This is the most common breaking change when converting between the two formats. Naively passing a system-role message into Anthropic's messages array will return a validation error.

Content: strings vs content blocks

OpenAI accepts a plain string as the value of content in each message. Anthropic's API accepts either a string or an array of typed content blocks. A simple text message can use a string, but multimodal messages (image + text) require the block form:

// Anthropic content block form (required for images)
{
  "role": "user",
  "content": [
    { "type": "text",  "text": "Describe this image." },
    { "type": "image", "source": { "type": "url", "url": "https://..." } }
  ]
}

Responses from Anthropic also return a content array, not a string. You read the text from content[0].text, not from choices[0].message.content.

Token usage field names

Both APIs include a usage object, but the field names differ:

Metric OpenAI field Anthropic field
Prompt / input tokens usage.prompt_tokens usage.input_tokens
Completion / output tokens usage.completion_tokens usage.output_tokens
Total tokens usage.total_tokens (sum manually)
Cache read tokens usage.prompt_tokens_details.cached_tokens usage.cache_read_input_tokens

If your cost-tracking or observability code reads usage.prompt_tokens, it will silently get undefined when hitting the Anthropic API — a bug that shows up as zero-cost completions in your dashboards.

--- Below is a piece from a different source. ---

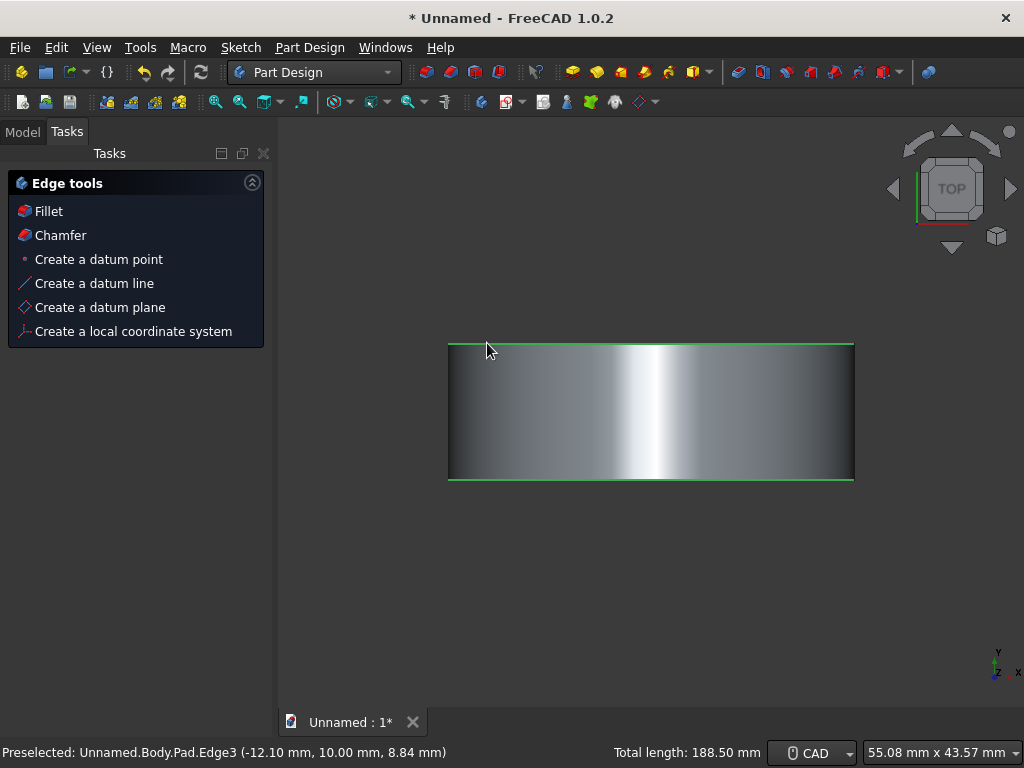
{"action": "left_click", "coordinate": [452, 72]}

Tool use: tool_calls vs tool_use blocks

Function / tool calling is where the formats diverge most sharply at the response level.

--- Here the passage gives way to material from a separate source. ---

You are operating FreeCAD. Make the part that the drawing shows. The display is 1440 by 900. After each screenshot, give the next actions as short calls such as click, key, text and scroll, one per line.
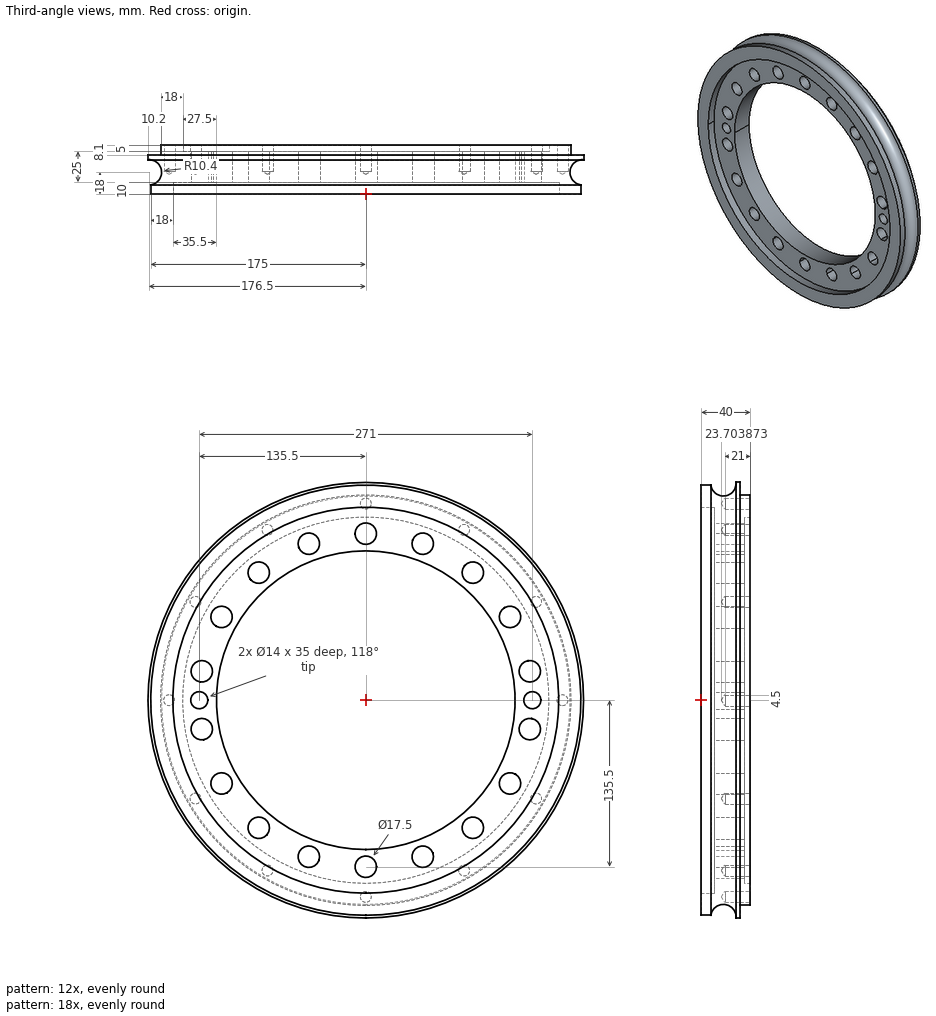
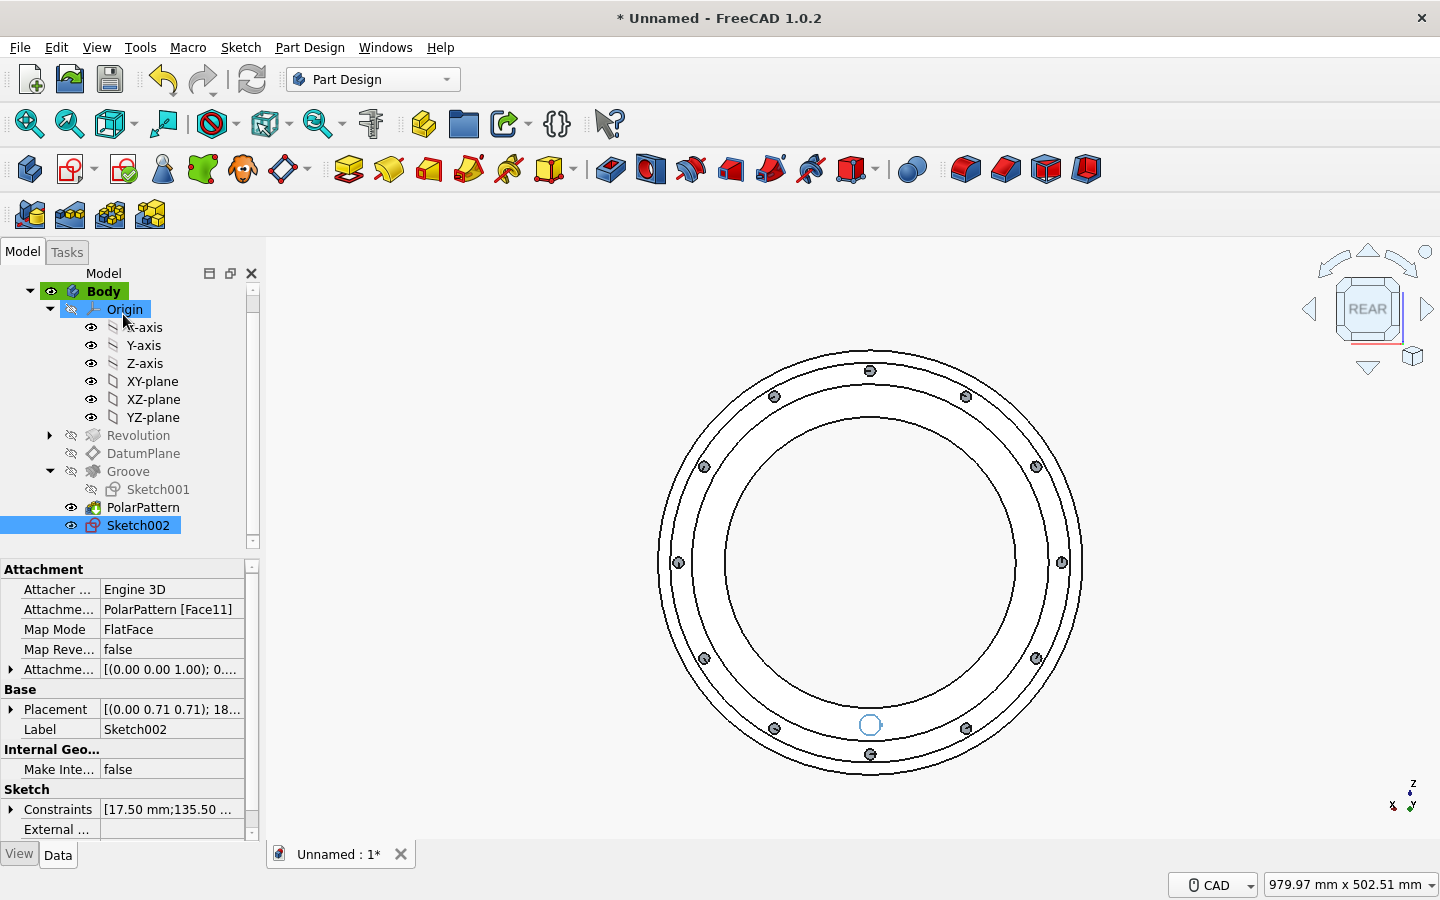
click(612, 170)

OpenAI signals a tool call by setting choices[0].finish_reason to "tool_calls" and populating choices[0].message.tool_calls, an array of objects each with an id, a function.name, and a JSON-string function.arguments.

Anthropic signals a tool call by setting stop_reason to "tool_use" and including a content block of type: "tool_use" inside the content array. The arguments are already parsed JSON in the input field, not a string that needs JSON.parse().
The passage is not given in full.